» **Dataset extract**:

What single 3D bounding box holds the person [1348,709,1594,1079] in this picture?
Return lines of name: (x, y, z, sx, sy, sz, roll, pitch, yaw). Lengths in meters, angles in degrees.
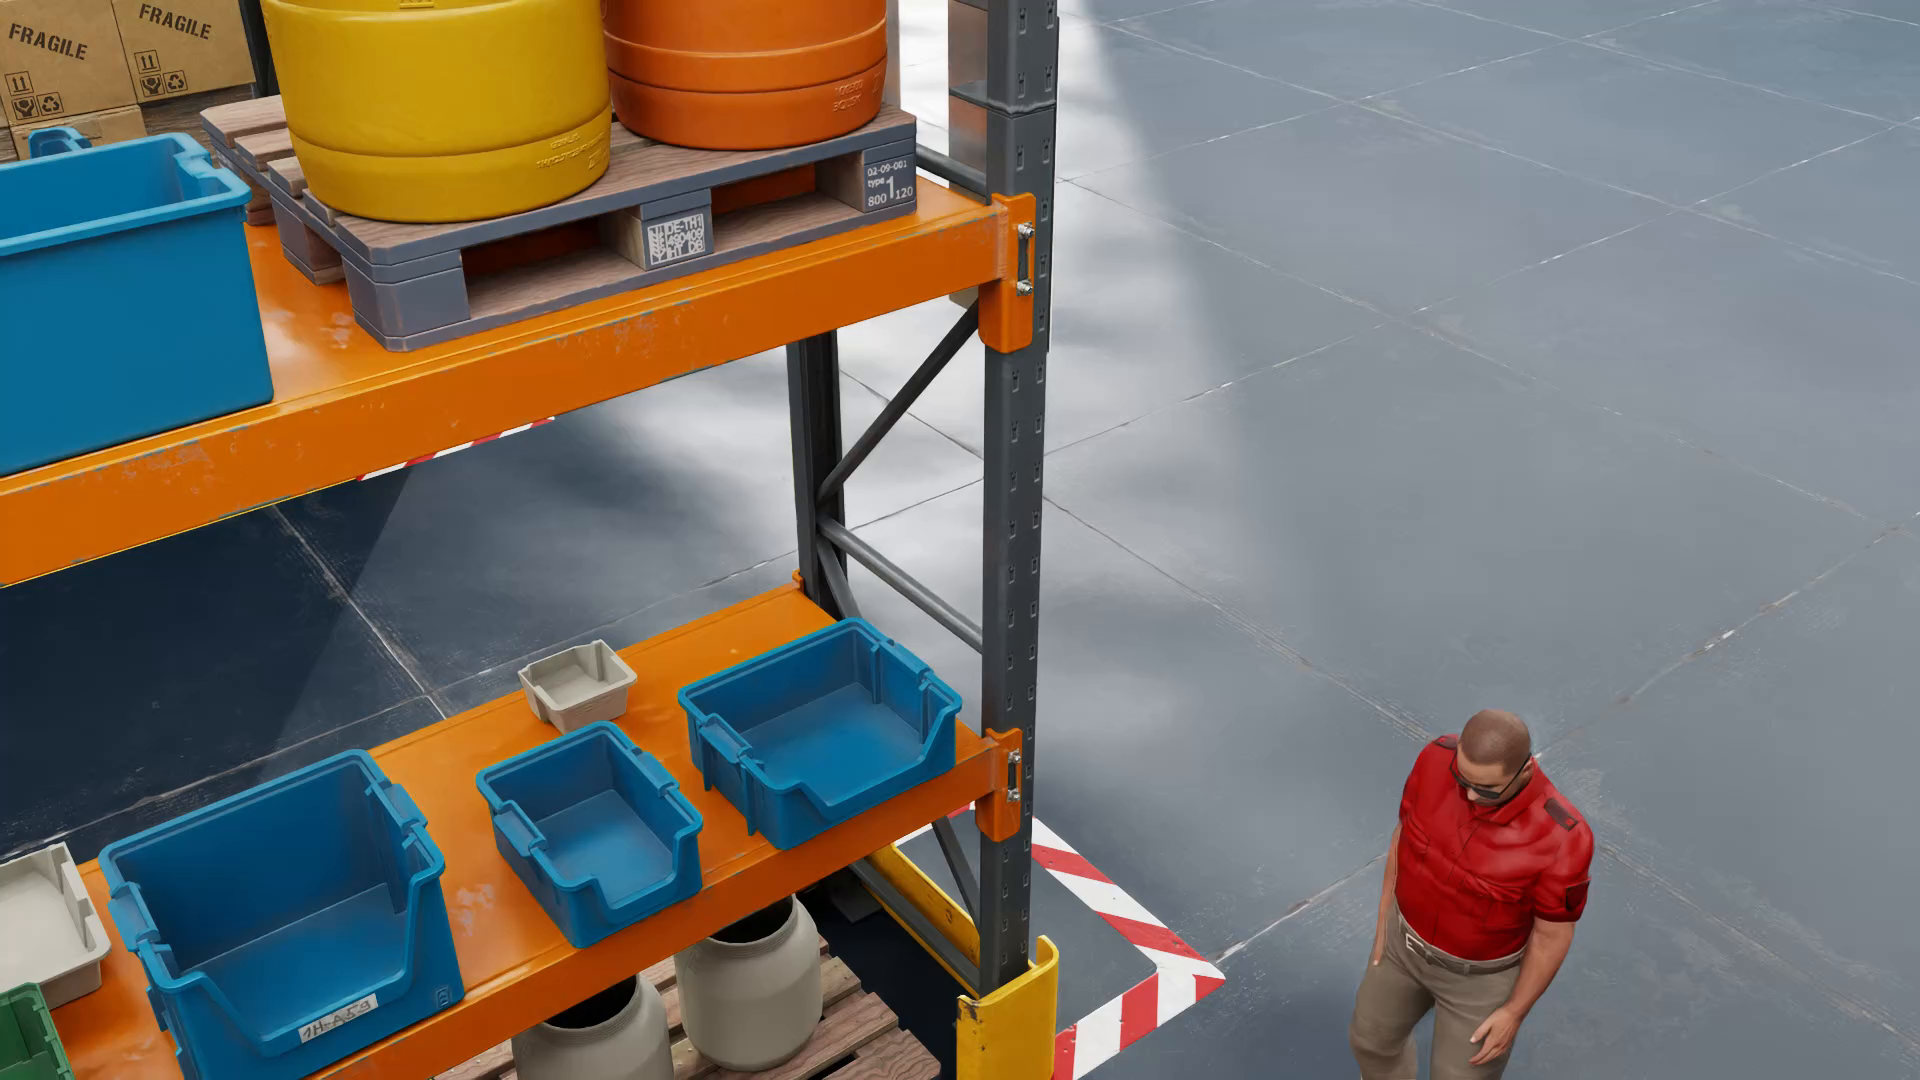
person: (1.320, 1.117, 4.396, 0.377, 1.704, 0.544, -21, 38, -30)

» **Exercise aim**: Pictures aside, reproduce the listing above exactly.

» **Task answer**:
What single 3D bounding box holds the person [1348,709,1594,1079] in this picture?
Return lines of name: (x, y, z, sx, sy, sz, roll, pitch, yaw). Lengths in meters, angles in degrees.
person: (1.320, 1.117, 4.396, 0.377, 1.704, 0.544, -21, 38, -30)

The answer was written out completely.